▸ Collected data entries
+++++
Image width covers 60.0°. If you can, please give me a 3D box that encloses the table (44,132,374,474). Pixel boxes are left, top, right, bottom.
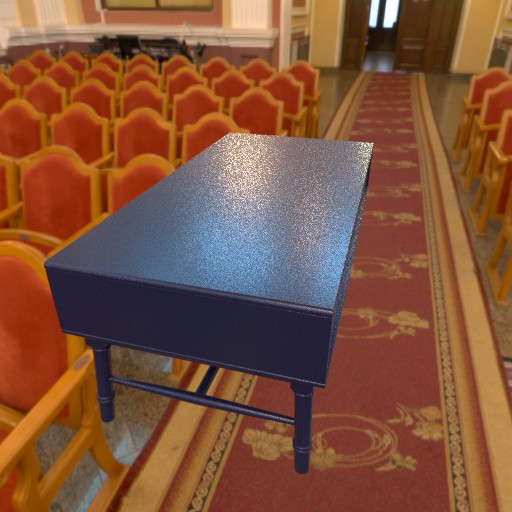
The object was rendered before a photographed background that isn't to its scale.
[{"bbox_3d":[0.000,0.000,1.334,0.572,0.457,1.067,8,30,14],"label":"table"}]
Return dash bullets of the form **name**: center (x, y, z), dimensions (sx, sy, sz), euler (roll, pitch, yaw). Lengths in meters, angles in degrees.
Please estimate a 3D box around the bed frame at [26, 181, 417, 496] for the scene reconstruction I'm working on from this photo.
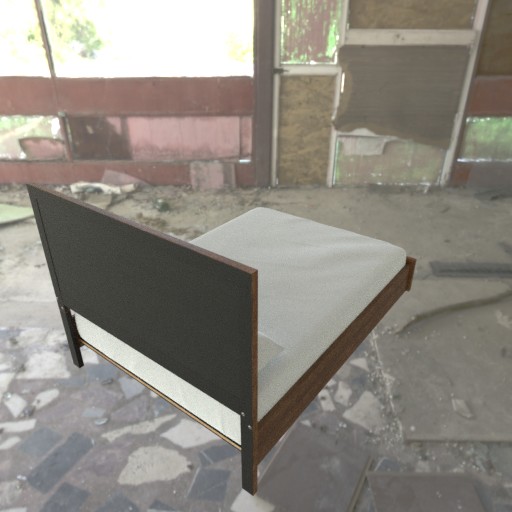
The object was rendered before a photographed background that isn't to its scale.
- **bed frame**: center (0.000, 0.000, 3.303), dimensions (1.696, 1.417, 2.276), euler (20, 35, 32)
+++++
A verbatim reproduction of each entry is expected, with every picture omitted.

Image width covers 60.0°. If you can, please give me a 3D box that encloses the table (44,132,374,474). Pixel boxes are left, top, right, bottom.
The object was rendered before a photographed background that isn't to its scale.
[{"bbox_3d":[0.000,0.000,1.334,0.572,0.457,1.067,8,30,14],"label":"table"}]
Return dash bullets of the form **name**: center (x, y, z), dimensions (sx, sy, sz), euler (roll, pitch, yaw). Lengths in meters, angles in degrees.
Please estimate a 3D box around the bed frame at [26, 181, 417, 496] for the scene reconstruction I'm working on from this photo.
The object was rendered before a photographed background that isn't to its scale.
- **bed frame**: center (0.000, 0.000, 3.303), dimensions (1.696, 1.417, 2.276), euler (20, 35, 32)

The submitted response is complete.